How to skip intermediate rules with ancient?


I want to skip intermediate rules if their output file already exists.

For example, I want to skip the second rule if it ran before in this basic Snakefile:

rule third:
    input:
        "b",
        "c"
    output: "d"
    shell: "touch {output}"

rule second:
    input: ancient("b")
    output: "c"
    shell: "touch {output}"

rule first:
    input: "a"
    output: "b"
    shell: "touch {output}"

After touching a, this pipeline works fine.

When I touch a again, I would expect that the second rule will be skipped, as the input is flagged as ancient. This is not what happens, instead the while pipeline is run again.

Flagging c in the third rule instead of b in the second rule as ancient also has no effect.

Update: Using the suggestion, I updated the Snakefile to skip the second rule if it ran before (and is not forced):

ruleorder: cached_c > second

rule third:
    input:
        "b",
        "c"
    output: "d"
    shell: "touch {output}"

rule second:
    input: "b"
    output:
        c = "c"
    shell: '''
    touch {output.c}
    cp {output.c} cache
    '''

rule cached_c:
    input: "cache"
    output: "c"
    shell: "cp {input} {output}"

rule first:
    input: "a"
    output: "b"
    shell: "touch {output}"

Solution

  • Why are you assuming that the second rule would be skipped? The ancient modifier does the opposite:

    For determining whether output files have to be re-created, Snakemake checks whether the file modification date (i.e. the timestamp) of any input file of the same job is newer than the timestamp of the output file.
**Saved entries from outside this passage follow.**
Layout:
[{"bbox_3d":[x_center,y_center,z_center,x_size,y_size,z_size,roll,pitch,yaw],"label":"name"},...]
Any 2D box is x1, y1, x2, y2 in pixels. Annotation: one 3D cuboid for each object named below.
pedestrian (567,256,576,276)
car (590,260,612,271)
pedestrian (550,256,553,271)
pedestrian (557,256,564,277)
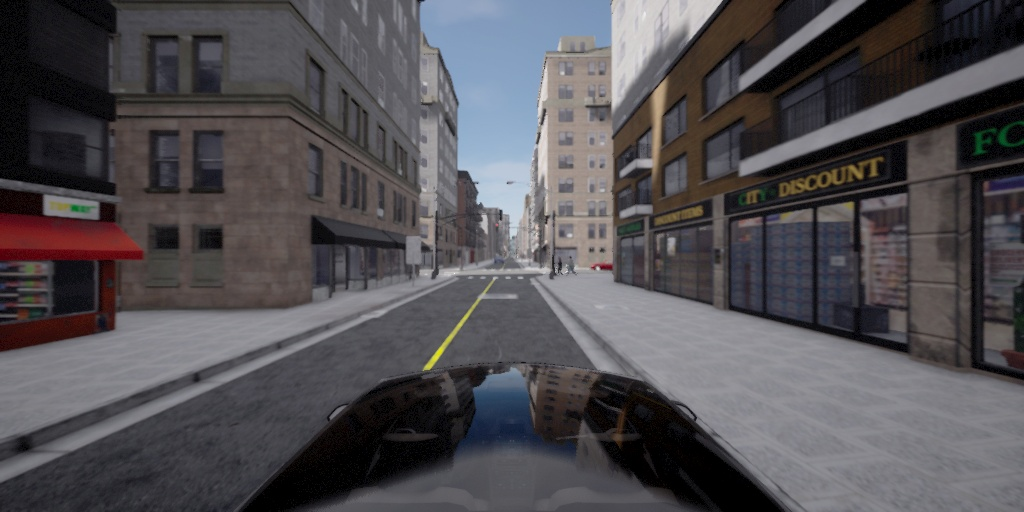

This behavior can be overridden by marking an input file as ancient. The timestamp of such files is ignored and always assumed to be older than any of the output files

    So instead of always skipping the rule you are always running it, even if nothing has changed.

    The fact that the rule has a dependency means that you expect the output of this rule to be reevaluated whenever the input is changed. You may break this dependency manually by creating a separate rule that gets it's input from cache. The cached version has to have no dependencies (thus would never be reevaluated), and you may manually copy the files whenever you decide they are good enough for being cached.

    One alternative is to copy the files into the cache directory automatically after each successful run (or before each run if you find the artefacts): https://snakemake.readthedocs.io/en/stable/snakefiles/rules.html#onstart-onsuccess-and-onerror-handlers

    onsuccess:
        # Copy your files here
    

    Update: The quote from the Snakemake reference that I provided in my message is ambiguous, and could be understood in two ways. It doesn't say however what does Snakemake do with the timestamps of ancient inputs linking them to other rules that may affect this file.

    Regarding caching, personally I haven't touched the Between workflow caching, but that is not what I meant. Snakemake has no idea whether the changed source would affect the cached file unless it reevaluates the file and compares the hashes. If you wish to avoid that (and you are pretty sure that the change in the source wouldn't affect the rest of the pipeline), you may create two separate branches to create a target. For example, in your case you need a file called c: I advise you to have two separate rules for that: the first takes b as an input, the other takes cached_b. You need to disambiguate these two rules with rulesorder giving the cached version priority. The strategy how this cached_b is being created is up to you: either manualy copy b to cached_b or a script that is being run onsuccess.